Trail running is not and will never be a spectator sport. But that is never going to stop others from trying to make a quick buck from your blood, sweat and tears. Infernal commercialization of trail running happens ever time someone publishes a heartfelt story with the gory details of some runner dropping dead on the path. Every time someone publishes a piece concerning some supposed reason not to lace up your joggers. These are excuses that sell, because they endorse the sedentary lifestyle that so many chose.

Harder Than it Is

Yeah, go figure. There are commercial entities out there that wish to sell you their stuff by making the claim that running is harder than it really is. It’s so difficult, in fact, that you should feel special. Singular. And, in some way, better than your peers. The ultimate in keeping up with the Jones’. 

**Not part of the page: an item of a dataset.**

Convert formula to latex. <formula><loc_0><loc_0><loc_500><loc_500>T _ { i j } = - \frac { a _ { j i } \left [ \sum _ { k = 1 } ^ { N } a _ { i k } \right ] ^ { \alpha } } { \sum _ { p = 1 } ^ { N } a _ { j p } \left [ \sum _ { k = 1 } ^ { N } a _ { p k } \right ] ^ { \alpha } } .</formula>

Find your strong? These kids are all 20-somethings who haven’t yet been tested. They come to the sport with youth on their side. Energy and time that the majority of us lack and covet. Yeah, sure sweaty guy with bare chest and brand new shoes ran hard to get to that stream where he washes in the crystal clear waters before heading over the back of the hill, but if you’re buying shoes because of his example you might want to check your motivations for getting into this sport. Trail running and long-distance running both are unsustainable with little more than vanity for propellant.

No, you need discipline to keep with it after your connective tissues start to harden. Even the extra padding on those Hokas aren’t going to keep you going, one foot in front of the other, after age has caught up to you. Believe me, when this kid’s beard starts to thin and his lustrous locks have streaks of grey he is going to be looking for any which way to make the trail easier. You don’t know you have the intestinal fortitude to deal with age until you have the age and happen to be dealing with all that it brings.

Easier Than it Is

First, let me clarify, if you chose to make running a part of your life, I believe that, you’re making a decision to do one of the most human things possible. It is not easy and there are many distractions, but as you progress and improve your body will respond. Your body can’t help it. The more you run the more it will respond. You’ll feel lactic acid burning in your legs, burning hotter than a thousand wasp stings. You’ll twist your ankle or strain your knee or develop the dreaded Plantars fasciitis. Lately, I’ve been coping with lower back pain and pain in my shoulders (from pushing the bulki).

This does not end. And it’s never easy. One sweaty run isn’t going to transform your bloated corpse. You shouldn’t even consider that you’re now a “runner” let alone that you’ve somehow become glorious. The greatness they are talking about won’t come from shoes. It wont come from any amount of consumer behavior, in fact. Discipline, baby. Sticking with it through the hurt and disappointment. Through the bad weather. Through the worst your coach or personal trainer can dish out. Worse, the worst you can dish out. Yeah you, because after you start down this path you’re going to become your own nightmare. You’re going to be the one berating yourself late at night when you’re craving a pile of junk food or a bowl of ice cream. You’re the one that knows you actually do have the energy and the moxie to get back out on the road while you sit in front of the boob tube complaining about how tired you are. And you’re going to live with that truth, nagging at you day and night. Even in your dreams. For as long as you’re willing to approach greatness.

Has trail running become too commercialized? Who knows? There’s plenty to suggest that attempts to make money from the activity will continue, but when I’m out on the trail its unlikely I’m paying much attention to them. Sure I see the banners at the start and finish line, but that is such a small part of what constitutes running for me.